Genotypes were tested for Hardy-Weinberg equilibrium among all participants using a Chi-square test. Allele and genotype frequencies of rs6903956 were obtained by direct counting and the distributions comparison was performed by the Chi-square test. Differences in selected demographic continuous variables among groups were evaluated by one-way analysis of variance (ANOVA) or the Kruskal-Wallis H test. Categorical variables including sex, smoking status, alcohol consumption status, hypertension status, diabetes status were compared among the genotypes of rs6903956 using a Chi-square test. The association of rs6903956 genotype and aHU risk were estimated using codominant model (compared three genotype), dominant model (defined as GG vs. GA + AA) and recessive model (defined as GG + GA vs. AA), respectively.
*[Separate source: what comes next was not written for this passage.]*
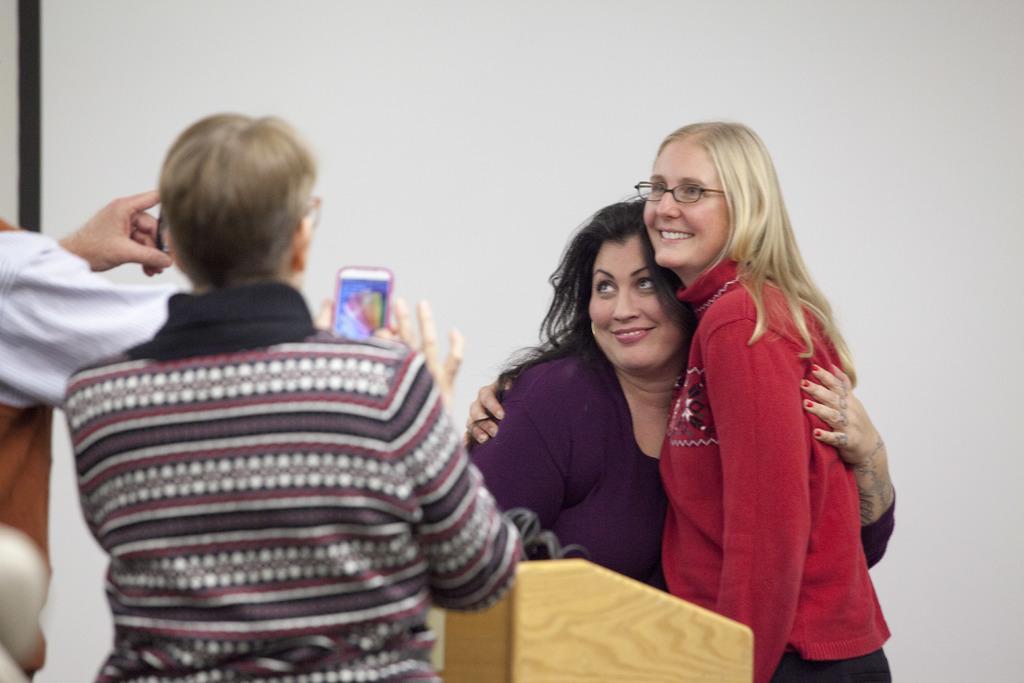Describe this image in one or two sentences. In this image I can see there are two girls hanging to each other and they are smiling and one person taking the picture of another person and I can see a person hand visible on the left side and in the background white color visible.

Odds ratios (OR) with their 95% confidence intervals (CI) were reported. A multivariate logistic regression analysis was used for association analyses with adjustments for age, gender, BMI, smoking, hypertension, and diabetes mellitus. P-value < 0.05 was considered statistically significant.

The statistical power calculation for the case–control analysis was performed using Quanto software (http://hydra.usc.edu/gxe/_vti_bin/shtml.dll/request.htm). Considering rs6903956 minor allele frequency of 10% that was obtained in Han Chinese CAD patients [16], our sample size had 90% power (α = 0.05) to detect genetic effects with an OR ≥1.5 (estimated hyperuricemia prevalence in the background population = 5-30%).